(Stored data entries)
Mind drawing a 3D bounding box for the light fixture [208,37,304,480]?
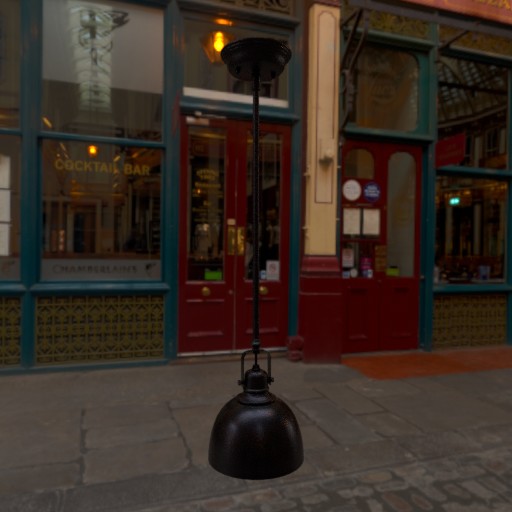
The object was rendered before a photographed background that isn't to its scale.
[{"bbox_3d":[0.000,0.000,0.846,0.182,0.768,0.182,0,0,-19],"label":"light fixture"}]
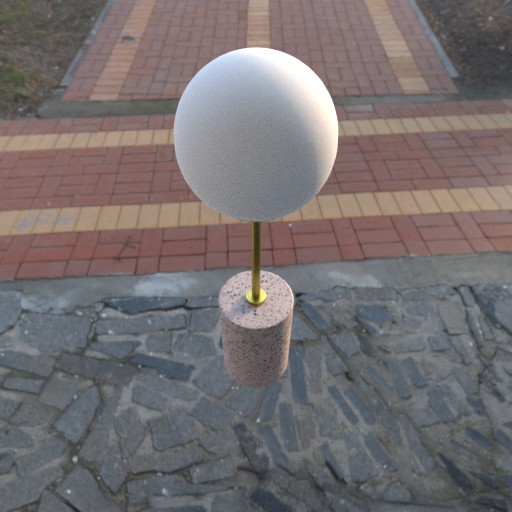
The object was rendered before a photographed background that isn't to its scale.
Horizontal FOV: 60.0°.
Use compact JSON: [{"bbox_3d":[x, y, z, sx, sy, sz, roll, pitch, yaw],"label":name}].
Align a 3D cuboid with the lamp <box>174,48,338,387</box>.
[{"bbox_3d":[0.000,0.000,0.538,0.153,0.480,0.153,0,47,0],"label":"lamp"}]
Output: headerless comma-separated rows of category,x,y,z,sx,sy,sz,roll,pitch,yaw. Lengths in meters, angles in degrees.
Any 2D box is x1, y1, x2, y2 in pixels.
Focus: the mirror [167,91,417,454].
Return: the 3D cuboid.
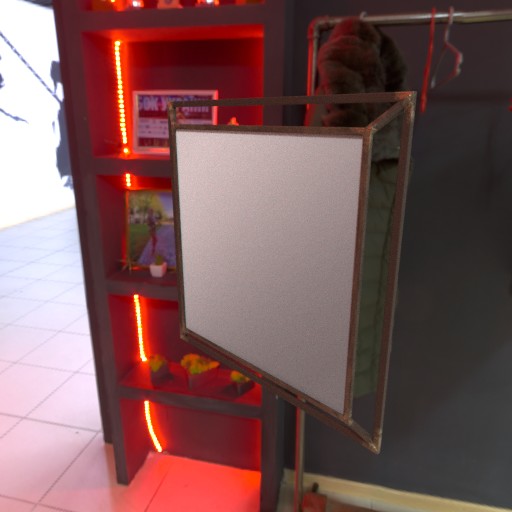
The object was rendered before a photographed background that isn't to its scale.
mirror,0.000,0.000,0.906,0.032,0.610,0.610,-16,24,-42

* [Exercise instructions]:
This exercise requires the lines of the entries containing the string "pitch".

* [Answer box]:
Use compact JSON: [{"bbox_3d":[x, y, z, sx, sy, sz, roll, pitch, yaw],"label":name}].
Output: headerless comma-separated rows of category,x,y,z,sx,sy,sz,roll,pitch,yaw. Lengths in meters, angles in degrees.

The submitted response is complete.